We also implement a manual text removal feature that can be used to remove any remaining text from the images. This feature is optional and can be enabled with the additional --refine flag. This will open an interactive window where you can manually select any remaining text/artifacts and remove them by drawing a bounding box around them.

To draw a bounding box, click and hold the left mouse button, drag to create a rectangle around the text/artifact you want to remove, and then release the mouse button. The selected area will be filled with black pixels to effectively remove the text/artifact from the image.

To reset the image to its original state, press the r key while the interactive window is open.

To save the changes, press space or enter.

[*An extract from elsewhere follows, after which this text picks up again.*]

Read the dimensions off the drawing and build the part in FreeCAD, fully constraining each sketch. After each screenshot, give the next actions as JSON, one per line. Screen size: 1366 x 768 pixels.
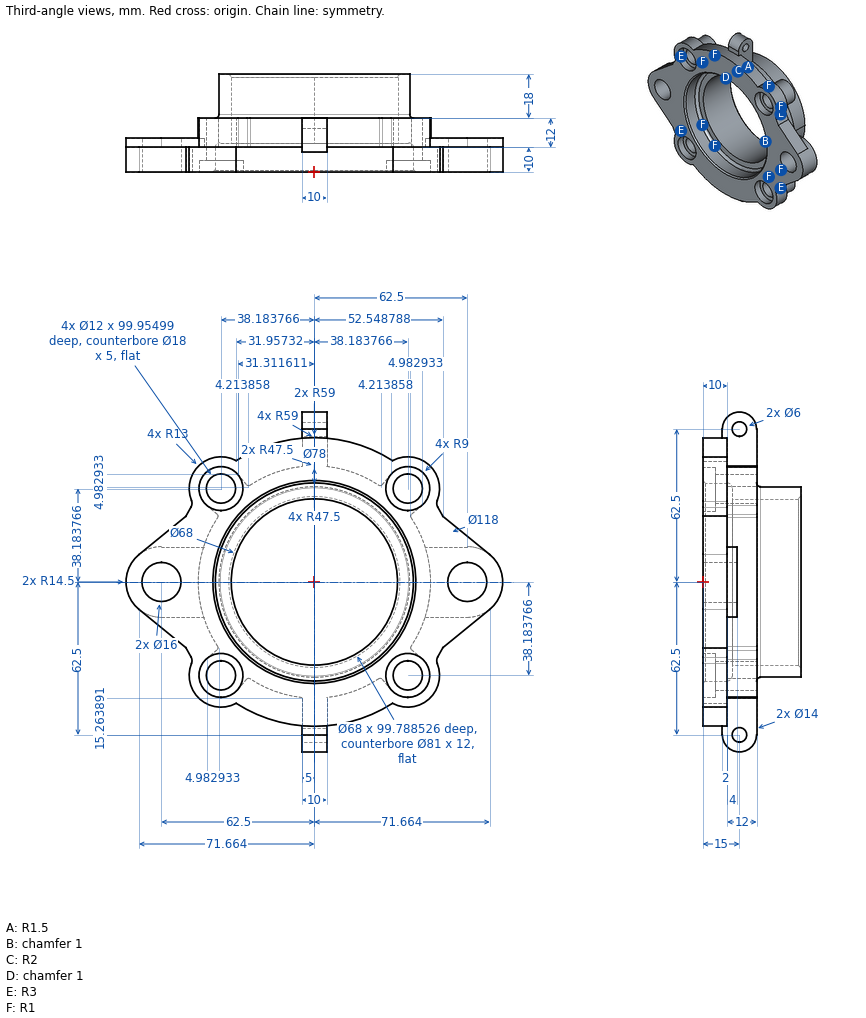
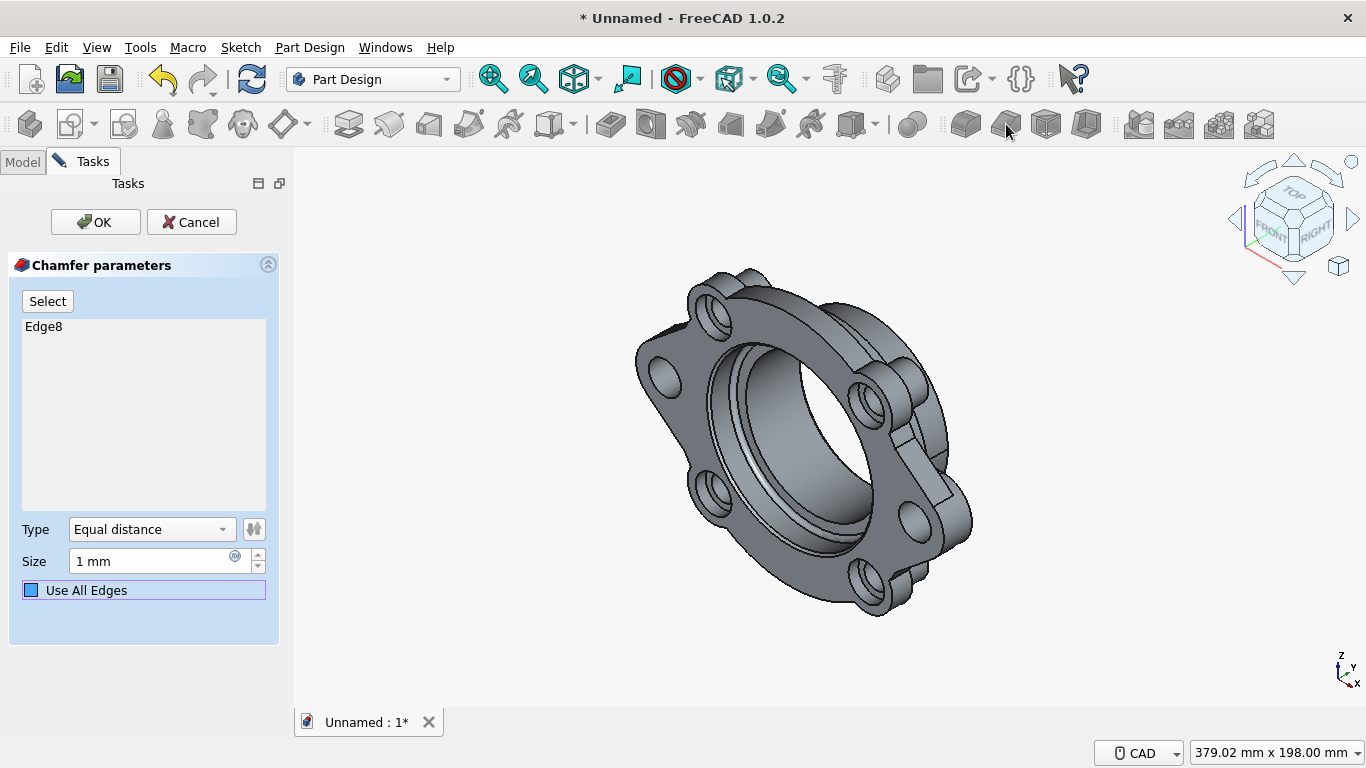
{"action": "left_click", "coordinate": [96, 222]}
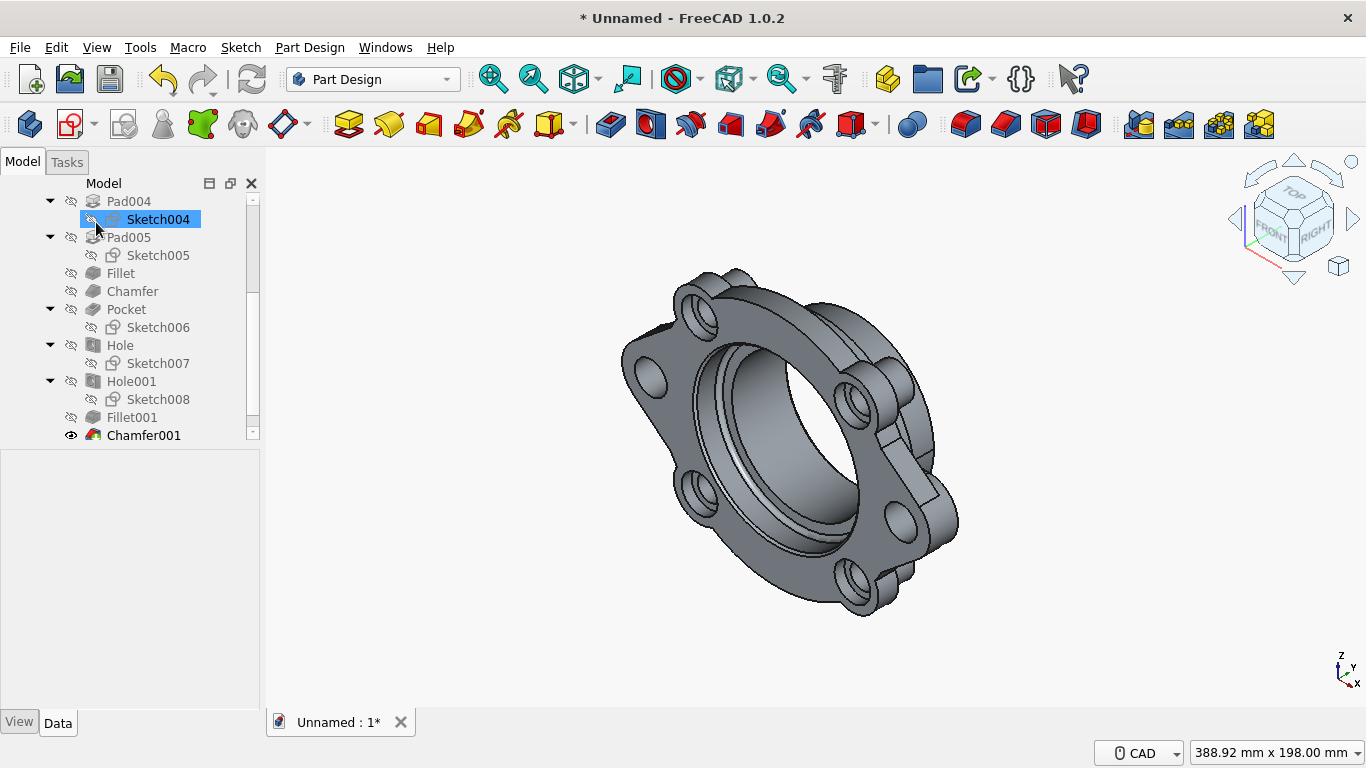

The following installation is only necessary if you want to use the old text removal feature and have an older version of MEDE installed:

If you want to use the old text removal feature, you also need to install Google's Tesseract OCR engine. Follow the installation instructions for your operating system here.

  • On Ubuntu:

    sudo apt install tesseract-ocr
    sudo apt install libtesseract-dev
    
  • On macOS (via Homebrew):

    brew install tesseract
    

Installation via Docker

Alternatively, this tool is distributed via Docker. You can find the Docker images here. The Docker image is available for Linux-based (including macOS) amd64 and arm64 platforms.

Steps:

  1. Pull the Docker image:

    docker pull morrempe/mede:[tag]   # Replace [tag] with either arm64 or amd64
    
  2. Run the Docker container with an attached volume:
    Your data will be mounted in the data folder:

    docker run --rm -it -v [Path/to/your/data]:/data morrempe/mede:[tag]
    
  3. Run the script with the corresponding CLI parameters:

    mede-deidentify [your flags]
    

Usage

De-Identification CLI

The mede-deidentify command-line interface (CLI) allows you to de-identify medical imaging data with various options. Below is the detailed usage guide:

mede-deidentify [-h] [-v | --verbose] [-t | --text-removal] [-i | --input]
                [-o OUTPUT] [--gpu] [-s | --skull_strip] [-de | --deface]
                [-tw | --twix] [-w | --wsi] [-r | --rename]
                [-p PROCESSES] 
                [-d {basicProfile,cleanDescOpt,cleanGraphOpt,cleanStructContOpt,
                     rtnDevIdOpt,rtnInstIdOpt,rtnLongFullDatesOpt,
                     rtnLongModifDatesOpt,rtnPatCharsOpt,rtnSafePrivOpt,
                     rtnUIDsOpt} ...]

Options

Option Description
-h, --help Show the help message and exit.
-v, --verbose Enable verbose output.
-i INPUT, --input INPUT Path to the input data.
-o OUTPUT, --output OUTPUT Path to save the output data.
--gpu GPU Specify the GPU device number (default: 0).
-s, --skull_strip Perform skull stripping.
-de, --deface Perform defacing.
-tw, --twix Process MRI raw data (twix format) and anonymize metadata.
-w, --wsi Process Whole Slide Images (WSI).
-t, --text-removal Perform text removal.
--refine Enable interactive refinement of text removal results.
-r, --rename Rename files during processing.
-p PROCESSES, --processes PROCESSES Number of processes to use for multiprocessing.
-d, --deidentification-profile Specify one or more DICOM deidentification profiles to apply (see below).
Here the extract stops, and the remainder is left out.